In den letzten Wochen war es sehr häufig das selbe Spiel: Ging es mit den Ölpreisen abwärts, ging es auch mit den Aktienmärkten abwärts. Der breite amerikanische Aktienmarkt in Form des S&P 500 hat sich seit Anfang Dezember an 44 von 60 Handelstagen in die gleiche Richtung bewegt wie der Ölpreis, schreibt die Business-Website Marketwatch.

Auch Schweizer Börsianern dürfte dieser Zusammenhang bekannt vorkommen. Wie der nächste Chart zeigt, haben sich der Swiss Market Index (SMI) und die Rohölsorte Brent (rote Linie) in jüngster Vergangenheit sehr ähnlich entwickelt. Der SMI ist in den letzten drei Monaten um 13 Prozent gefallen, Öl hat sich um 20 Prozent verbilligt. Hintergrund der fallenden Ölpreise war das weltweite Rohöl-Angebot, das die Nachfrage überstieg.

Rohöl und SMI in den letzten drei Monaten bei 100 indexiert, Quelle: cash.ch

Doch der Anteil der Unternehmen aus dem Energie- und Versorgersektor am Gesamtmarkt ist viel weniger gross als es diese starke Korrelation vermuten lässt. In der Schweiz liegt er je nach Schätzung im tiefen bis mittleren einstelligen Prozentbereich. "Aufgrund der internationalen Ausrichtung des Schweizer Aktienmarktes sind aus meiner Sicht die Währungsveränderungen als wichtiger einzustufen als die Ölpreise", sagt Aktienstratege Christoph Riniker von der Bank Julius Bär zu cash.

Es spielen also noch andere Faktoren mit. "Es besteht die Befürchtung, dass die Schwierigkeiten im Energiesektor auf andere Sektoren übergreifen könnten", sagt Gabriel Bartholdi vom Beratungsunternehmen Wellershoff & Partners auf Anfrage.
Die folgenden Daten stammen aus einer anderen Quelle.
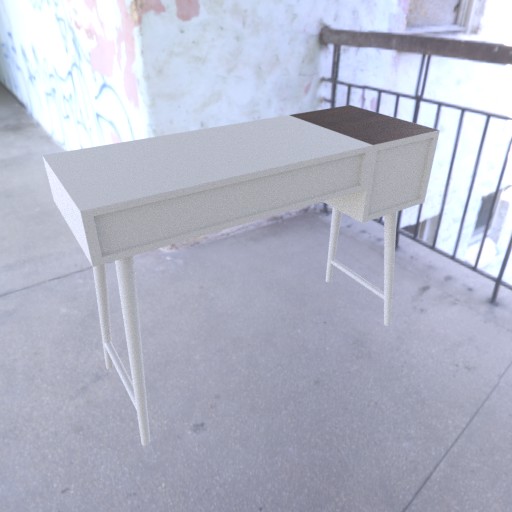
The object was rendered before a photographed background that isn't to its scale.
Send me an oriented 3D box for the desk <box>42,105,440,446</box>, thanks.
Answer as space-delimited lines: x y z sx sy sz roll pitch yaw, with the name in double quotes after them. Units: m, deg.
0.000 0.000 1.453 1.069 0.761 0.409 -18 36 -27 "desk"
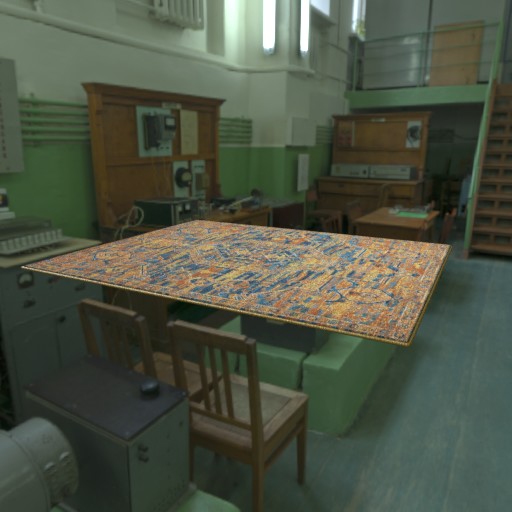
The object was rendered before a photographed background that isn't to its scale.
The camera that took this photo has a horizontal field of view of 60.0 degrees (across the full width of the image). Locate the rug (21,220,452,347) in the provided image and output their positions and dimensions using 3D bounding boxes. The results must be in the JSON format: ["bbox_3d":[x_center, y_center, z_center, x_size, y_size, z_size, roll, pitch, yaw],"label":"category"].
[{"bbox_3d":[0.000,0.000,3.956,3.040,0.031,2.435,8,17,27],"label":"rug"}]

Diese Angst wirkt sich dann in einer Art Dominoeffekt auf die Aktienmärkte aus.

Staatsfonds unter Zugzwang

Neben vielen Energiefirmen, die direkt unter den tiefen Ölpreisen leiden, wurden jüngst vor allem Finanztitel in Mitleidenschaft gezogen. Denn Investoren machen sich Sorgen über die Kreditwürdigkeit der Energieunternehmen. Und Zahlungsausfälle in grossem Stil würden die Kreditgeber, also die Banken, betreffen. "Und schwächelnde Banken sind Gift für die Aktienmärkte", so Investment-Stratege Bartholdi.

Zudem verbindet ein weiterer Aspekt die Öl- und Aktienpreise: Staatsfonds ölreicher Länder sind aufgrund der tiefen Rohstoffpreise gezwungen, neue Einnahmenquellen zu eröffnen. Das machen sie zum Beispiel durch den Verkauf von Aktien, wie Ole Hansen von der Saxo Bank ausführt.

Folgt nun die Abkopplung?

Diese Verbindungen könnten sich nun allmählich lösen. In den letzten Tagen zeichnete sich am Ölmarkt eine Erholung ab. Am Montag legte Rohöl den vierten Tag in Folge zu und steht mittlerweile auf dem höchsten Stand seit dem 6. Januar. Gleichzeitig sind die amerikanischen Börsen am Freitag und am Montag gefallen. In diesem Umfeld stellt sich die Frage, ob die Ölpreise einen Boden gefunden haben und ob sich die Börsen bereits vom Öl abgekoppelt haben.

"Wenn sich die Preise am Ölmarkt stabilisiert haben und sogar zu steigen beginnen, verschieben die Aktienmärkte ihre Aufmerksamkeit auf andere Dinge und die Korrelation nimmt ab", sagt der dänische Rohstoff-Experte Ole Hansen zu cash. Ähnlicher Meinung ist James Butterfill, Chef-Analyst beim Vermögensverwalter ETF Securities. Er erwartet künftig weniger Gleichlauf, weil sich die Märkte bewusst würden, dass billigeres Öl und Benzin für Firmen und die Wirtschaft nicht schädlich sondern anregend sind.

Ein Blick in die Vergangenheit zeigt, dass hohe Korrelationen zwischen Rohstoffen und Aktien nichts Aussergewöhnliches sind und sich jeweils auch wieder abbauen. Im folgenden Chart wird dies übersichtlich veranschaulicht. Dennoch dürften die Anleger weiterhin auch auf die Rohstoffpreise schielen. Analyst Butterfill sieht den fairen Wert von Rohöl zwischen 45 und 70 Dollar pro Fass. Doch das bedinge, dass sich die Märkte wieder auf Fundamentaldaten fokussierten.